In your copy, reproduce each entry exactly and leave out the pictures.
===== Materials provided
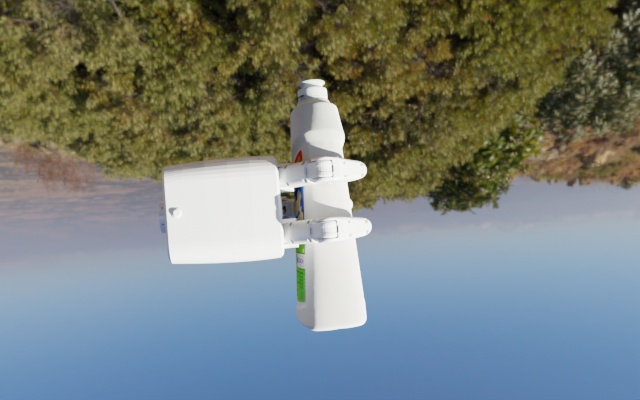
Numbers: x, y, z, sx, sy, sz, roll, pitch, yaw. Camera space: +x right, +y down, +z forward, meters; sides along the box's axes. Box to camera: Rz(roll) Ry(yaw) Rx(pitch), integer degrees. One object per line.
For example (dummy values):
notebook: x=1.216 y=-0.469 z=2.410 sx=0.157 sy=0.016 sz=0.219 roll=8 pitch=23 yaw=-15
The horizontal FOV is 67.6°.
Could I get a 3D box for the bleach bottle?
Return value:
bleach bottle: x=0.000 y=0.002 z=0.505 sx=0.068 sy=0.251 sz=0.102 roll=-4 pitch=-4 yaw=-10
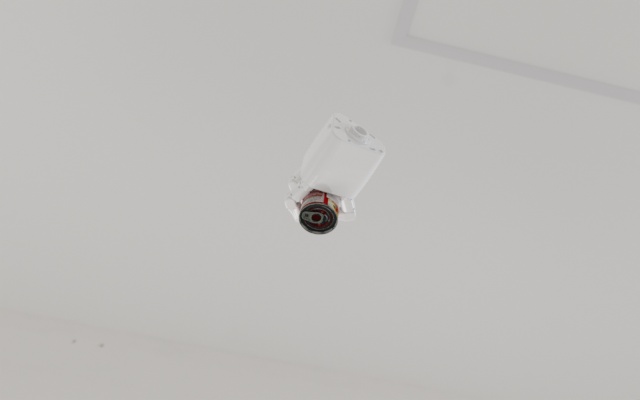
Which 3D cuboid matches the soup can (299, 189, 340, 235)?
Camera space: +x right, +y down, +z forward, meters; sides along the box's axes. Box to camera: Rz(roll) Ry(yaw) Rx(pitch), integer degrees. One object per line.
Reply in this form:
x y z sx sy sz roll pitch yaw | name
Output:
0.000 0.003 0.855 0.068 0.069 0.102 0 36 6 | soup can
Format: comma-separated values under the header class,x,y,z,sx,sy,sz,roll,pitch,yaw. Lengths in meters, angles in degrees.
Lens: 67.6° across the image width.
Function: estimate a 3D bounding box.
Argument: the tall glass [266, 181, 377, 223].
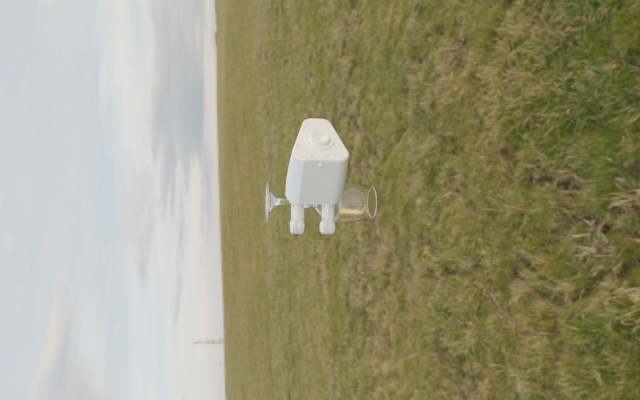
class,x,y,z,sx,sy,sz,roll,pitch,yaw
tall glass,-0.001,0.003,0.888,0.201,0.079,0.079,1,0,-9
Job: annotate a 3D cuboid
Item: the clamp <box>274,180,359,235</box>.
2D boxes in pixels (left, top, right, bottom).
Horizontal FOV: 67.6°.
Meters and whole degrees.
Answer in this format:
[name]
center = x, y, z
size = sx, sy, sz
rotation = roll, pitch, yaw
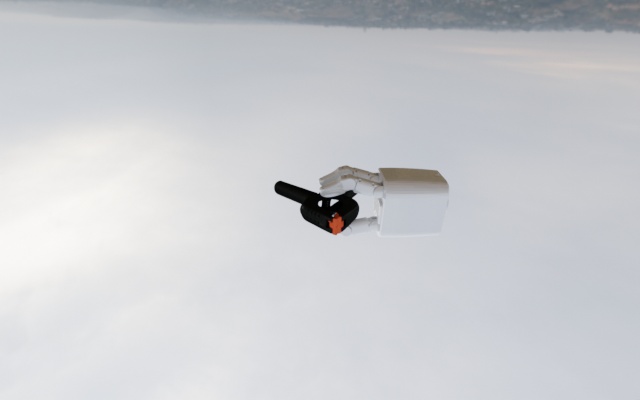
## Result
[clamp]
center = 0.000, 0.004, 0.793
size = 0.164, 0.036, 0.210
rotation = -1, 20, -1
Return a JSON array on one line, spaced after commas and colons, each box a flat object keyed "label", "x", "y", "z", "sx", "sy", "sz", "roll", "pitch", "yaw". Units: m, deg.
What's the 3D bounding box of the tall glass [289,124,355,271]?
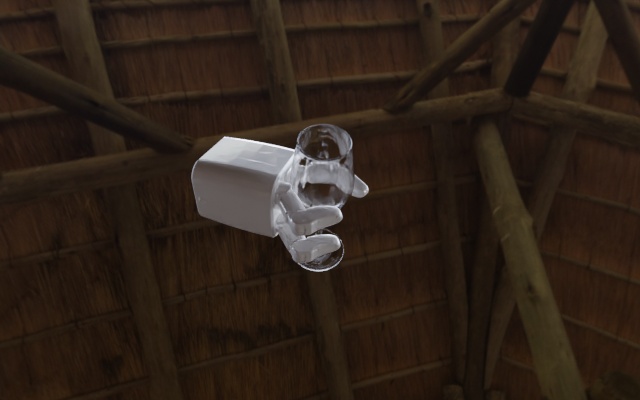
[{"label": "tall glass", "x": 0.000, "y": 0.002, "z": 0.601, "sx": 0.079, "sy": 0.079, "sz": 0.201, "roll": 0, "pitch": -42, "yaw": -4}]
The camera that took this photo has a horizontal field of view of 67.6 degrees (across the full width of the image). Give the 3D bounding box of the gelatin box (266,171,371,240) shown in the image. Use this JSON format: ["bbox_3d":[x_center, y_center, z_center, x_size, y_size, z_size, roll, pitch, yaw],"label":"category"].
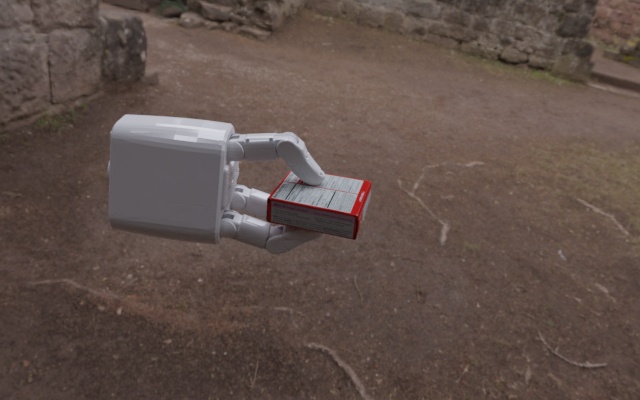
[{"bbox_3d":[0.000,0.001,0.469,0.089,0.030,0.073,10,29,11],"label":"gelatin box"}]
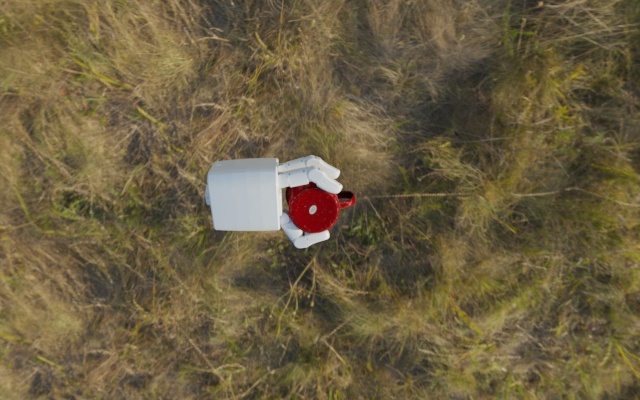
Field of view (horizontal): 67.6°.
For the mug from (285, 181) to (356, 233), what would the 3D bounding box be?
[{"bbox_3d":[0.002,0.003,0.790,0.117,0.093,0.081,-3,20,-2],"label":"mug"}]
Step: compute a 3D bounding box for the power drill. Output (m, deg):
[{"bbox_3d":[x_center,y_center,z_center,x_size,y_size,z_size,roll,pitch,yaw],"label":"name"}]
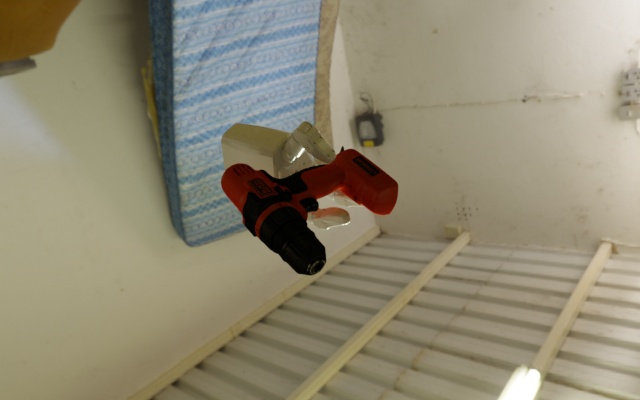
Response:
[{"bbox_3d":[0.000,0.002,0.564,0.187,0.057,0.184,-14,43,-34],"label":"power drill"}]
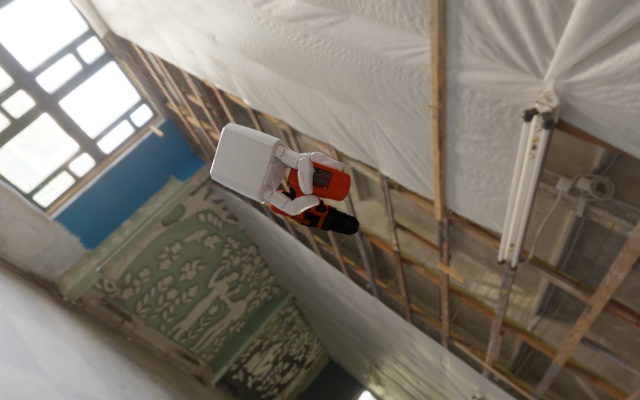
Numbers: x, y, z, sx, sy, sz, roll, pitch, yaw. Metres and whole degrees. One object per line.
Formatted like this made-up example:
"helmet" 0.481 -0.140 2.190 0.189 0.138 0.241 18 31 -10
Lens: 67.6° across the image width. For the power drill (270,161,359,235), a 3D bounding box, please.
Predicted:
"power drill" 0.000 0.003 0.890 0.184 0.057 0.188 17 -25 -3
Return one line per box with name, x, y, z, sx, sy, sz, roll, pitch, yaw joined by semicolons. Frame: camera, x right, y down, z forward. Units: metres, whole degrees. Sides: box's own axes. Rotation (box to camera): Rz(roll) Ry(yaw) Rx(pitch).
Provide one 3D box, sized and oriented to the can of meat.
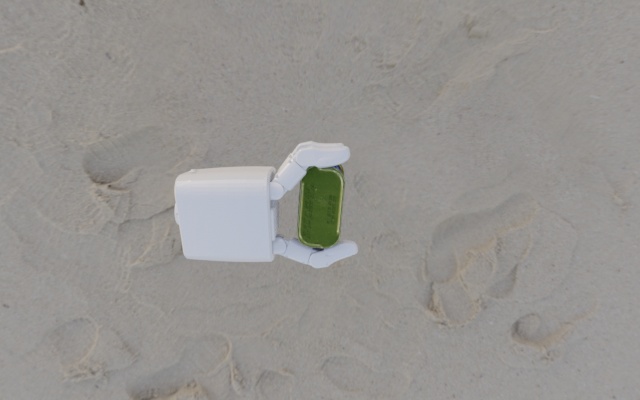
can of meat;0.000;0.002;0.586;0.057;0.102;0.084;4;9;0
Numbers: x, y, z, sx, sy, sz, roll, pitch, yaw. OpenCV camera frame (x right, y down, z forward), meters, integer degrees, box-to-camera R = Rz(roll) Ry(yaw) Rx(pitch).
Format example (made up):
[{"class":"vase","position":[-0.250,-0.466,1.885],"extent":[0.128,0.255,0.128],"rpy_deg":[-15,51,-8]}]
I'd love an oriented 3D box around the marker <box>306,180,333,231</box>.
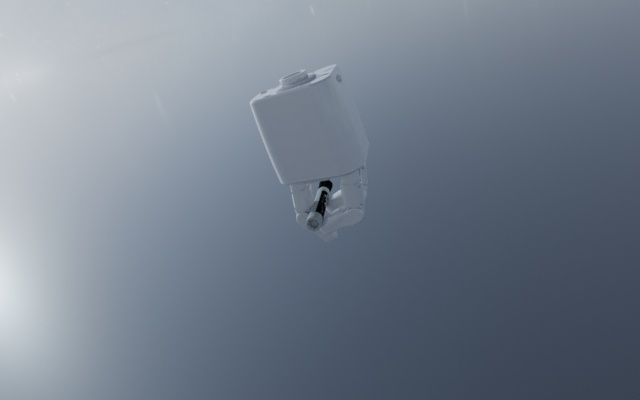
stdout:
[{"class":"marker","position":[0.000,0.002,0.614],"extent":[0.020,0.020,0.121],"rpy_deg":[0,26,9]}]
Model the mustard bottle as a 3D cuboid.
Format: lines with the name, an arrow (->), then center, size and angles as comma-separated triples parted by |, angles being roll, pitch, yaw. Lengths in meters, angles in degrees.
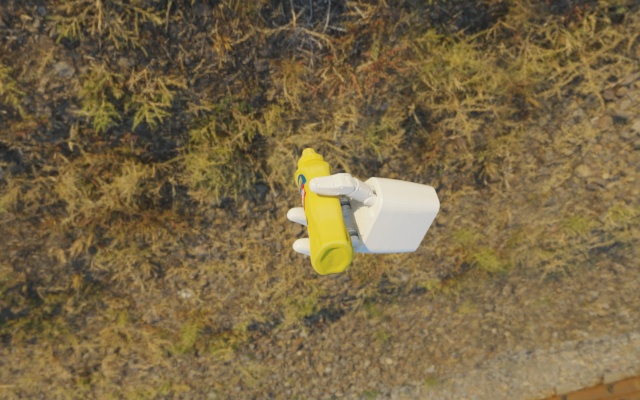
mustard bottle -> 0.000, 0.002, 0.686 | 0.058, 0.191, 0.096 | -9, -33, -5
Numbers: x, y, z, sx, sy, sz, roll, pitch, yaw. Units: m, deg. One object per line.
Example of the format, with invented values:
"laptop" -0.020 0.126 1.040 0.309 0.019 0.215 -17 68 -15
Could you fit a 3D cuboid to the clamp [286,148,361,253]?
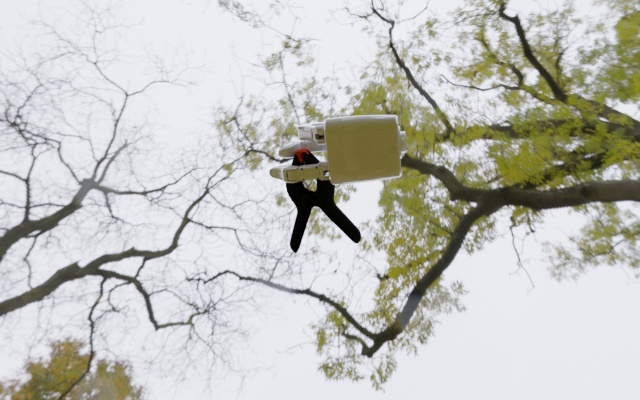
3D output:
"clamp" 0.000 0.002 0.757 0.120 0.171 0.039 -4 18 10
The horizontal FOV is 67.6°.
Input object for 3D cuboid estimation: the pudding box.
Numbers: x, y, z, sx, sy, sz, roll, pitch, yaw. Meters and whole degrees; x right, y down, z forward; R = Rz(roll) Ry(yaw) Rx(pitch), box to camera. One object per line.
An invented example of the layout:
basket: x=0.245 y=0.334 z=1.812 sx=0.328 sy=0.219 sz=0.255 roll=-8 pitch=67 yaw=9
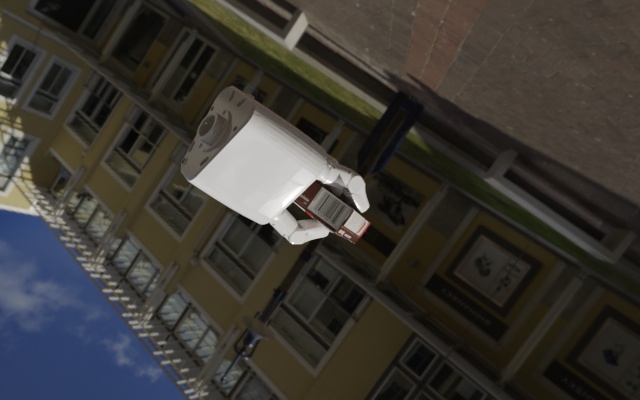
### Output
pudding box: x=0.000 y=0.002 z=0.590 sx=0.113 sy=0.039 sz=0.090 roll=39 pitch=2 yaw=22
==========
**Your response**.
Numbers: x, y, z, sx, sy, sz, roll, pitch, yaw. Camera space: +x right, +y down, +z forward, meters; sides along the box's axes. Box to camera: Rz(roll) Ry(yaw) Rx(pitch), integer degrees. One object per line.
For example (dummy values):
notebook: x=1.216 y=-0.469 z=2.410 sx=0.157 sy=0.016 sz=0.219 roll=8 pitch=23 yaw=-15
The horizontal FOV is 67.6°.
Could I get a 3D box for the bleach bottle?
Return value:
bleach bottle: x=0.000 y=0.002 z=0.505 sx=0.068 sy=0.251 sz=0.102 roll=-4 pitch=-4 yaw=-10
Which 3D cuboid matches the soup can (299, 189, 340, 235)?
Camera space: +x right, +y down, +z forward, meters; sides along the box's axes. Box to camera: Rz(roll) Ry(yaw) Rx(pitch), integer degrees. One object per line.
Reply in this form:
x y z sx sy sz roll pitch yaw | name
Output:
0.000 0.003 0.855 0.068 0.069 0.102 0 36 6 | soup can
Format: comma-separated values under the header class,x,y,z,sx,sy,sz,roll,pitch,yaw. Lengths in meters, angles in degrees.
Lens: 67.6° across the image width.
Function: estimate a 3D bounding box.
Argument: the tall glass [266, 181, 377, 223].
class,x,y,z,sx,sy,sz,roll,pitch,yaw
tall glass,-0.001,0.003,0.888,0.201,0.079,0.079,1,0,-9
Job: annotate a 3D cuboid
Item: the clamp <box>274,180,359,235</box>.
2D boxes in pixels (left, top, right, bottom).
Horizontal FOV: 67.6°.
Meters and whole degrees.
Answer in this format:
[name]
center = x, y, z
size = sx, sy, sz
rotation = roll, pitch, yaw
## Result
[clamp]
center = 0.000, 0.004, 0.793
size = 0.164, 0.036, 0.210
rotation = -1, 20, -1
Return a JSON array on one line, spaced after commas and colons, each box a flat object keyed "label", "x", "y", "z", "sx", "sy", "sz", "roll", "pitch", "yaw". Units: m, deg.
What's the 3D bounding box of the tall glass [289,124,355,271]?
[{"label": "tall glass", "x": 0.000, "y": 0.002, "z": 0.601, "sx": 0.079, "sy": 0.079, "sz": 0.201, "roll": 0, "pitch": -42, "yaw": -4}]
The camera that took this photo has a horizontal field of view of 67.6 degrees (across the full width of the image). Give the 3D bounding box of the gelatin box (266,171,371,240) shown in the image. Use this JSON format: ["bbox_3d":[x_center, y_center, z_center, x_size, y_size, z_size, roll, pitch, yaw],"label":"category"].
[{"bbox_3d":[0.000,0.001,0.469,0.089,0.030,0.073,10,29,11],"label":"gelatin box"}]
Field of view (horizontal): 67.6°.
For the mug from (285, 181) to (356, 233), what would the 3D bounding box be?
[{"bbox_3d":[0.002,0.003,0.790,0.117,0.093,0.081,-3,20,-2],"label":"mug"}]
Step: compute a 3D bounding box for the power drill. Output (m, deg):
[{"bbox_3d":[x_center,y_center,z_center,x_size,y_size,z_size,roll,pitch,yaw],"label":"name"}]
Response:
[{"bbox_3d":[0.000,0.002,0.564,0.187,0.057,0.184,-14,43,-34],"label":"power drill"}]
Numbers: x, y, z, sx, sy, sz, roll, pitch, yaw. Metres and whole degrees. One object per line.
Formatted like this made-up example:
"helmet" 0.481 -0.140 2.190 0.189 0.138 0.241 18 31 -10
Lens: 67.6° across the image width. For the power drill (270,161,359,235), a 3D bounding box, please.
Predicted:
"power drill" 0.000 0.003 0.890 0.184 0.057 0.188 17 -25 -3
Return one line per box with name, x, y, z, sx, sy, sz, roll, pitch, yaw joined by semicolons. Frame: camera, x right, y down, z forward. Units: metres, whole degrees. Sides: box's own axes. Rotation (box to camera): Rz(roll) Ry(yaw) Rx(pitch).
Provide one 3D box, sized and oriented to the can of meat.
can of meat;0.000;0.002;0.586;0.057;0.102;0.084;4;9;0
Numbers: x, y, z, sx, sy, sz, roll, pitch, yaw. OpenCV camera frame (x right, y down, z forward), meters, integer degrees, box-to-camera R = Rz(roll) Ry(yaw) Rx(pitch).
Format example (made up):
[{"class":"vase","position":[-0.250,-0.466,1.885],"extent":[0.128,0.255,0.128],"rpy_deg":[-15,51,-8]}]
I'd love an oriented 3D box around the marker <box>306,180,333,231</box>.
stdout:
[{"class":"marker","position":[0.000,0.002,0.614],"extent":[0.020,0.020,0.121],"rpy_deg":[0,26,9]}]
Model the mustard bottle as a 3D cuboid.
Format: lines with the name, an arrow (->), then center, size and angles as comma-separated triples parted by |, angles being roll, pitch, yaw. Lengths in meters, angles in degrees.
mustard bottle -> 0.000, 0.002, 0.686 | 0.058, 0.191, 0.096 | -9, -33, -5
Numbers: x, y, z, sx, sy, sz, roll, pitch, yaw. Units: m, deg. One object per line.
Example of the format, with invented values:
"laptop" -0.020 0.126 1.040 0.309 0.019 0.215 -17 68 -15
Could you fit a 3D cuboid to the clamp [286,148,361,253]?
3D output:
"clamp" 0.000 0.002 0.757 0.120 0.171 0.039 -4 18 10
The horizontal FOV is 67.6°.
Input object for 3D cuboid estimation: the pudding box.
Numbers: x, y, z, sx, sy, sz, roll, pitch, yaw. Meters and whole degrees; x right, y down, z forward; R = Rz(roll) Ry(yaw) Rx(pitch), box to camera. One object per line.
An invented example of the layout:
basket: x=0.245 y=0.334 z=1.812 sx=0.328 sy=0.219 sz=0.255 roll=-8 pitch=67 yaw=9
### Output
pudding box: x=0.000 y=0.002 z=0.590 sx=0.113 sy=0.039 sz=0.090 roll=39 pitch=2 yaw=22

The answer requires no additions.